Year in a word: Hybrid

(adjective) Splitting our work weeks between different places: homes, offices or even the beach

In the Before Times, “hybrid” described cars driven by people saving up for a Tesla. Not any more. In 2021, hybrid became a fixture of workplace jargon. How long it stays there will depend on two things: the trajectory of coronavirus and the attitudes of employers.

In 2020, most so-called knowledge workers had shifted to homeworking, an uneasy arrangement that generated early-pandemic argot (“WFH”, “Zoom fatigue”, “you’re on mute”). By mid-2021, there was a tentative return to offices in many parts of the globe.

But few people wanted to return to commuting every day.
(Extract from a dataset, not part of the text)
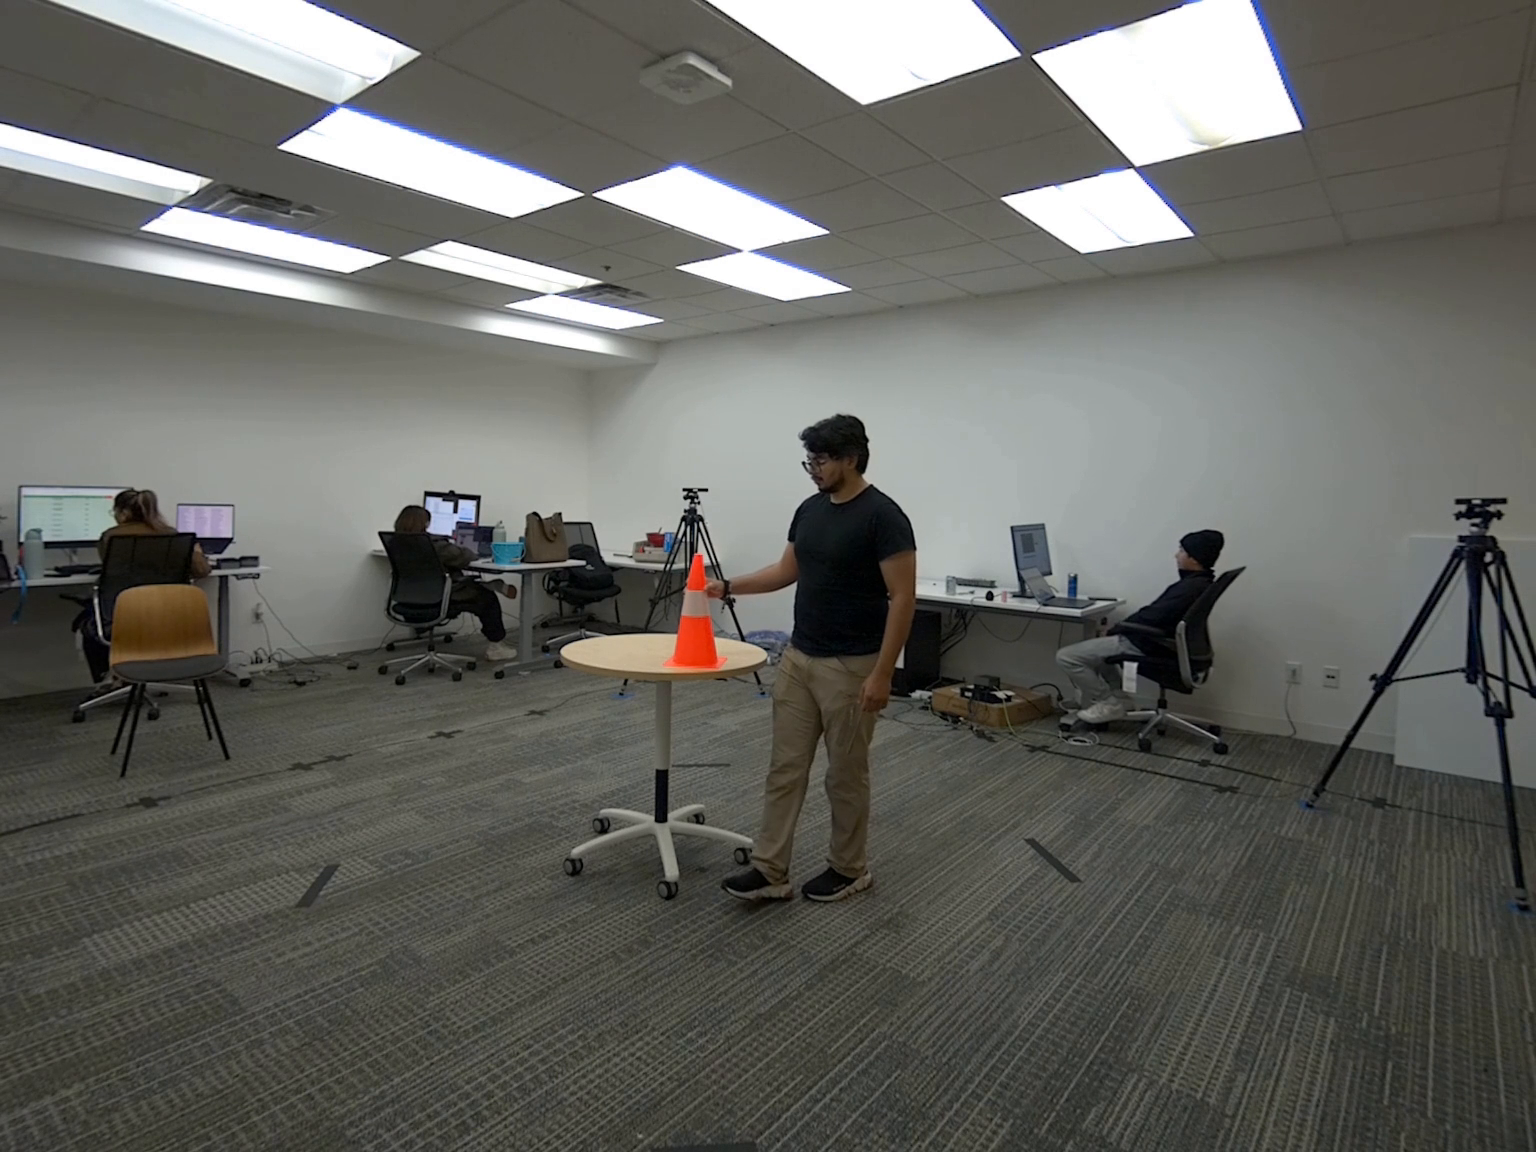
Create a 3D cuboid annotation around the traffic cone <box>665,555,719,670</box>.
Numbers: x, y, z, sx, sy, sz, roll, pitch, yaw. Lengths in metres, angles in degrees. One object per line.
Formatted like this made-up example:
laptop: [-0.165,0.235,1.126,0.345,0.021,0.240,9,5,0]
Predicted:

The compromise was hybrid work, which allows weeks to be split between the traditional office and the home, where new routines have been built around childcare, pandemic puppies and Pelotons.
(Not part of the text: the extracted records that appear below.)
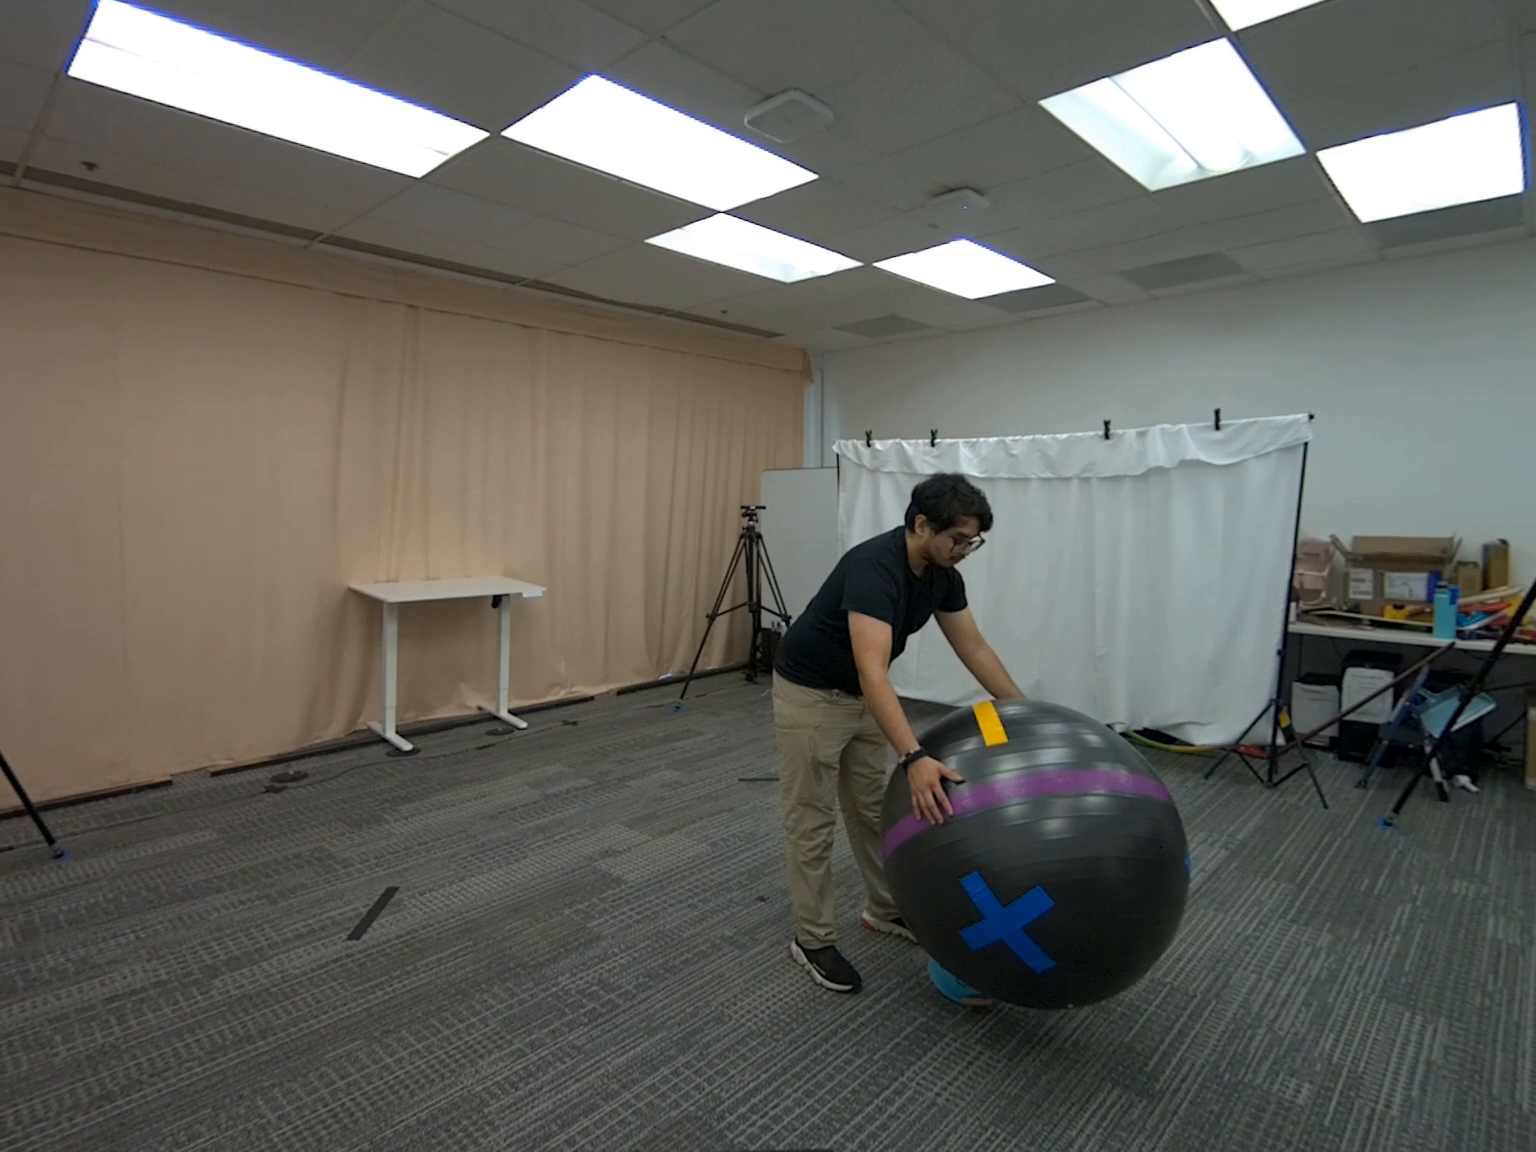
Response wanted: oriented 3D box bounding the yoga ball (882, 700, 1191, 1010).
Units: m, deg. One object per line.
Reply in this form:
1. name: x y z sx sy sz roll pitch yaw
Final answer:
1. yoga ball: 0.692 0.716 2.200 0.757 0.756 0.760 0 4 -2

Employers laid on perks to get workers back at their desks, even part-time. Think barbecues, cocktail making — and cash. Some start-ups also moved teams into Airbnbs for a stay in a cool resort or city. That’s hybrid work all right, but being with colleagues 24/7 might not be for everyone. Or anyone.

What’s valuable about most hybrid work is that it offers more choice and agency. Its flexibility gives some of the most pandemic-affected people in the workforce — that would be parents and carers — more chance to build a lasting work/life balance for their families.

Hybrid work also forces leaders to trust that the teams they no longer see in the office every day are productive and engaged — and adopt new management styles to accommodate that changed reality. At a time when people are quitting their jobs in record numbers, smart employers will take note — and hang on to some elements of hybrid practices when the pandemic recedes.